The desire to hear . . .
Looking at the azure-whitish canvas of the skies heralding the season of autumn, one feels crispness in the air subduing the wetness of monsoon, sunlight staying young more or less for the whole day. Then there appears, rather unconsciously in her, an assemblage of emotions evoking the past, relating to the present and looking forward to the future. Not that they all appear at one and the same time, but in the cubicles of her heart they take their turn, oftentimes overlapping. As she ponders, one thing becomes obvious to her --- that in this mental state of hers, she feels a strong desire to hear some sounds, some voices, some music emanating from nature, some others from human voices. She is afraid that since her auditory sense is deprived of much of its yearnings, those in the passage of time could be obliterated.
But that is not to be. She feels a strong desire to hear her parents call her by her nickname, especially her father who would give a little twist to it, making it sound sweeter. She misses her university teacher's phone call that came once in a while, enquiring of her school and her disabled son's condition. One day she brought her almost to tears when she asked her, very innocently, if her son could call her 'Amma'. Her answer was in the negative. Her teacher apologized for her question, realizing the profound sadness it had caused. Nevertheless, she still yearns to hear her voice on the phone, although she knows the voice is long gone. And, hoping against hope, she fantasizes a desire to hear her son call her 'Amma'. But that is never to be. Human folly along with the impact of the carnage of 1971 caused some losses that remain irreversible. Much of our fate is predestined, she thinks. A fait accompli.
She desires to have a quiet life and hear the sounds of silence that she is much deprived of, taking together the societal factors that dominate life today. Rude noises originating from various sources have been corroding the atmosphere in the name of development and modernization. But that is the order of the day, she reflects in her aloneness. If you join it, you survive; if you don't, you are bound to suffer. She suffers. Thus the silence becomes distant to her. At the most, she can relive the silence from her old days in her own created world at those moments only to survive. Since it is a fight against reality, it turns out to be most agonizing to her. Then, to console herself, she delves more into sorrow --- by hearing sad songs. In the velvety, melodious voice of Talat Mahmood, she tries to immerse her own sorrow into an ocean of sorrows. And those two merge. A plateau in the progression of sorrow gives temporary relief by making it numb.

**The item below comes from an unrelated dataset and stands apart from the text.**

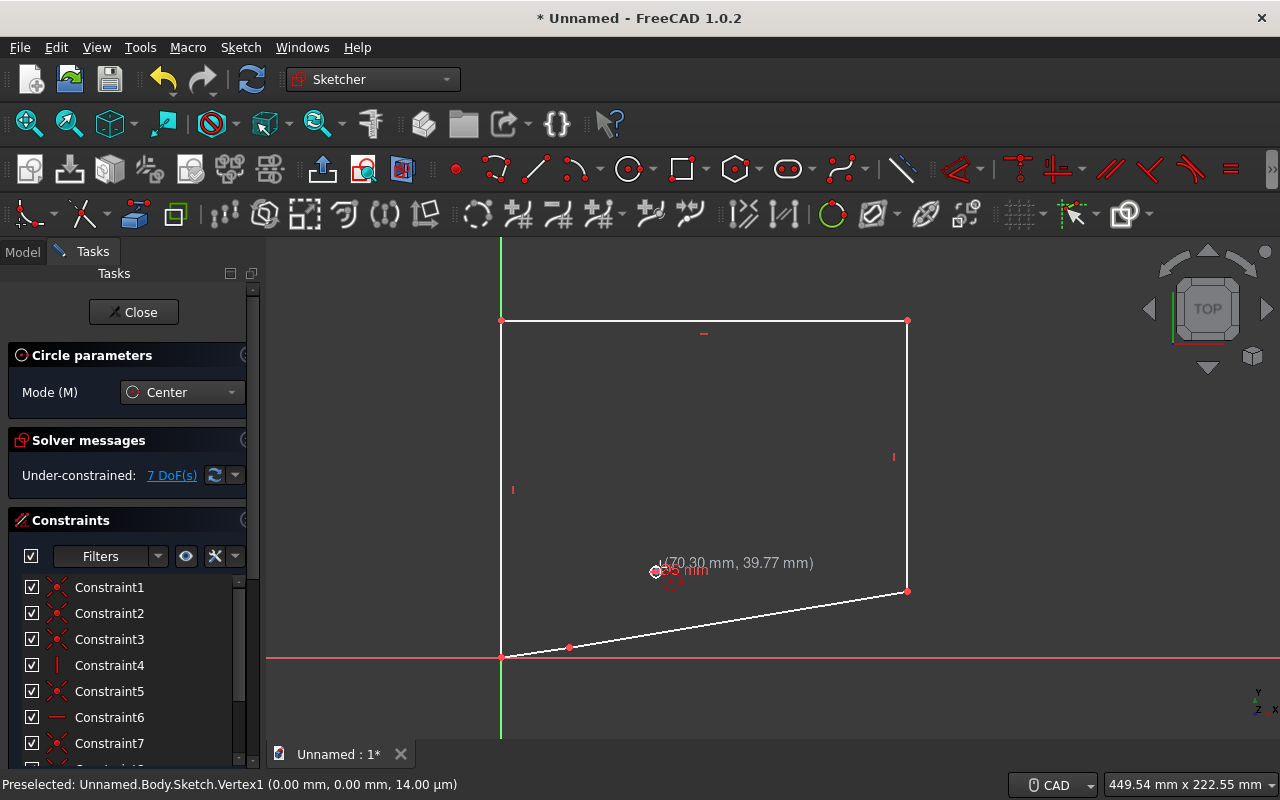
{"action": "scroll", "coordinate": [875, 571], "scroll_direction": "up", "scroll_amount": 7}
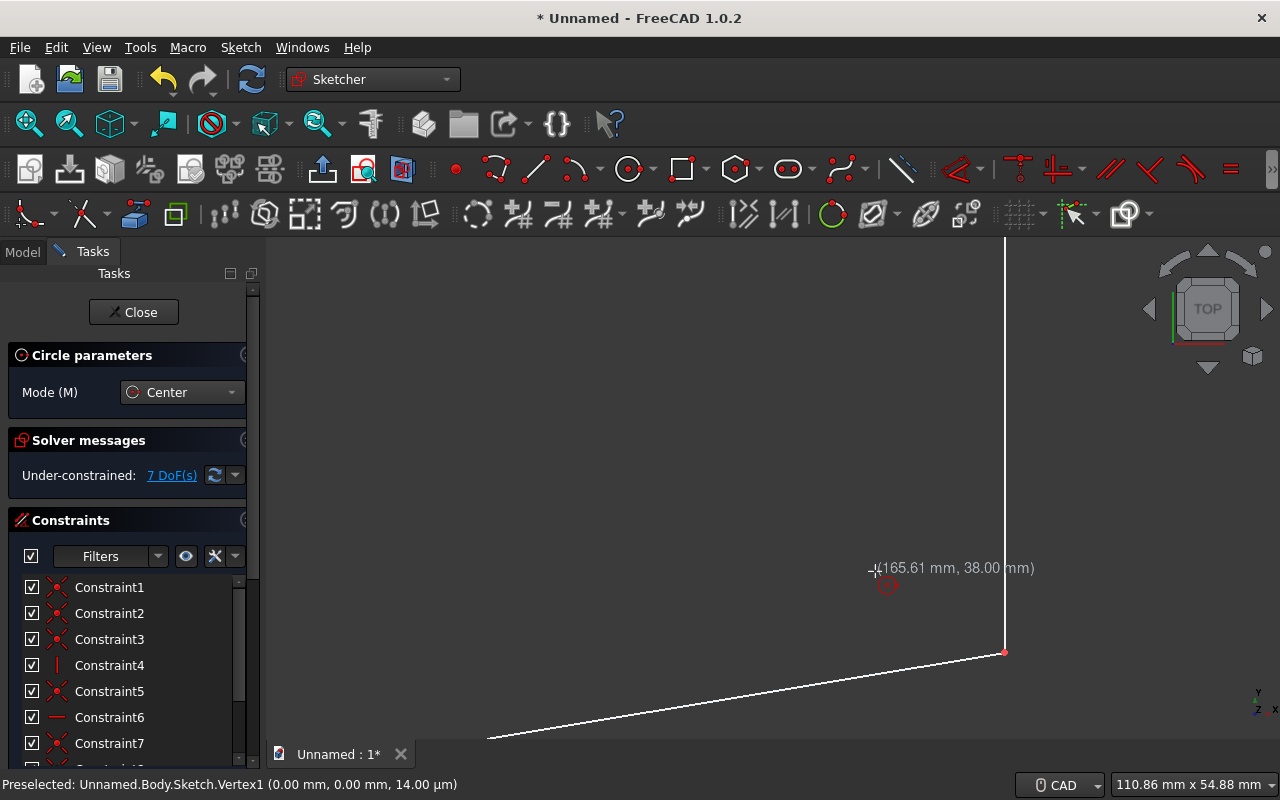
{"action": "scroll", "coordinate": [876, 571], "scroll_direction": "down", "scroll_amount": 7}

But what she desires most to hear amidst the din all around is a voice oftentimes from a short distance, oftentimes from a long distance, maybe from several thousands of miles away. In her there is an expectancy, filled with eagerness, that oftentimes makes her hear the phone ring even when it does not. Her longing to hear the voice creates an illusion, an auditory illusion for her. And in her rationality, she explains that away as one of her acts as a selfish person because she wishes that voice to materialize for her own sake, for her personal fulfillment, for some solace. She feels ashamed at discovering herself in this state. Nevertheless, she cannot and does not deny her longings. When her desire actualizes, she feels ecstatic. When it does not, she has the shelter of her imagination to embrace her. Her imagination never fails her. It is her defence mechanism when she is faced with a crisis.
She discovers that she can live her life in such a beaconing of hope, of some optimism that exudes from that voice. But, then again, she likes to wait, indeed she waits, to hear that voice more than actually hearing it. To her, waiting does not have an end, however painfully long that might be. But hearing it actually happen ends it. She prefers to keep on moving towards an oasis rather than reaching it. To her, emotional attainment is meaningful when it throbs, when it vibrates rather than when it satiates. Her view of life is atypical. She is different.